Всё та же Дженни. Когда он принёс ей цветы, она была глубоко благодарна, но не потому, что любила цветы, а потому, что это покажет сестре, насколько она, Дженни, выше тех, кто лежит в этой палате. Дэвид подозревал, что Дженни сочинила для сестры какую-нибудь историю, без сомнения, романтическую и хорошего тона. Точно так же отнеслась она и к тому, что при её переводе в больницу св. Елизаветы Дэвид выхлопотал для неё удобную комнату: это покажет новой сестре, как высоко её, Дженни, ценит муж. Даже в больнице она сохранила своё легкомыслие. Это казалось невероятным, но это было так. Осудив грубость мужчин, она попросила Дэвида достать из сумочки (которую она тайком держала в ящике ночного столика) палочку губной помады. А под столиком она прятала зеркальце, в которое смотрелась всякий раз перед приходом Дэвида. Держать зеркала запрещалось, но Дженни сохранила своё. Она объяснила Дэвиду, что ей хочется «выглядеть получше» для него.

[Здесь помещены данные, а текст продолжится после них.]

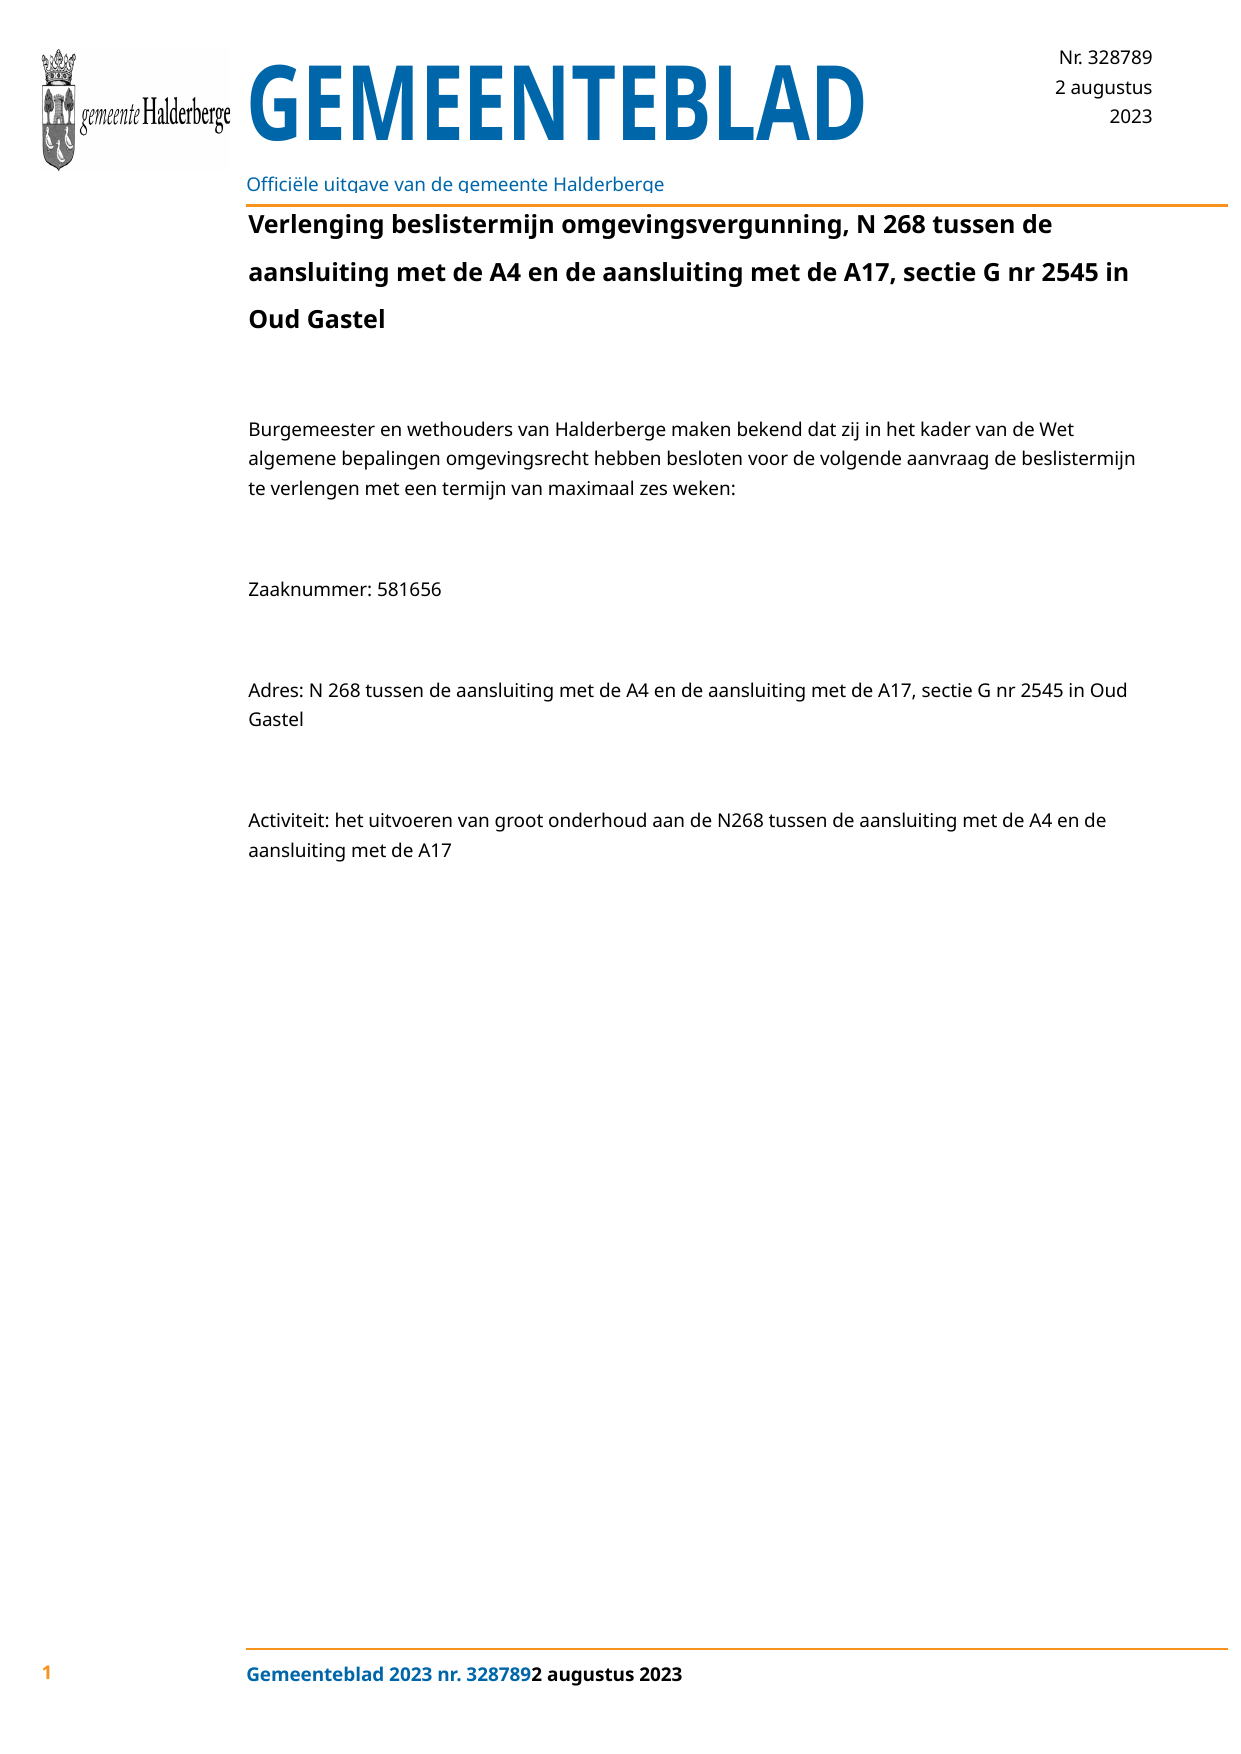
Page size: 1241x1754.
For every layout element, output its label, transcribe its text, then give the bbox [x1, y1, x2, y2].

picture [41, 47, 231, 172]
text Adres: N 268 tussen de aansluiting met de A4 en de aansluiting met de A17, sectie G nr 2545 in Oud Gastel [248, 677, 1152, 732]
text Verlenging beslistermijn omgevingsvergunning, N 268 tussen de aansluiting met de A4 en de aansluiting met de A17, sectie G nr 2545 in Oud Gastel [248, 207, 1152, 336]
text Activiteit: het uitvoeren van groot onderhoud aan de N268 tussen de aansluiting met de A4 en de aansluiting met de A17 [248, 807, 1152, 862]
text Zaaknummer: 581656 [248, 576, 1152, 602]
text Burgemeester en wethouders van Halderberge maken bekend dat zij in het kader van de Wet algemene bepalingen omgevingsrecht hebben besloten voor de volgende aanvraag de beslistermijn te verlengen met een termijn van maximaal zes weken: [248, 416, 1152, 501]

Свернув с набережной и подходя к больнице, Дэвид, всё время думавший об этом, вздохнул. Хоть бы всё кончилось благополучно! Он от души на это надеялся.

Он посмотрел на часы над подъездом больницы. Было всё ещё рано, слишком рано, но он чувствовал, что должен войти внутрь. Он не может ждать на улице, не может томиться здесь, он должен войти в больницу. Миновав швейцарскую, он поднялся наверх. Подошёл к второй двери, за которой находилась Дженни, и остановился в высоком прохладном коридоре.

В коридор выходило множество дверей: в кабинет Хильды, в комнату дежурной сестры, в приёмную. Но глаза Дэвида притягивала только одна стеклянная двустворчатая дверь в операционную. Он смотрел на эту дверь, — два белых матовых стекла; было мучительно думать о том, что происходило за нею.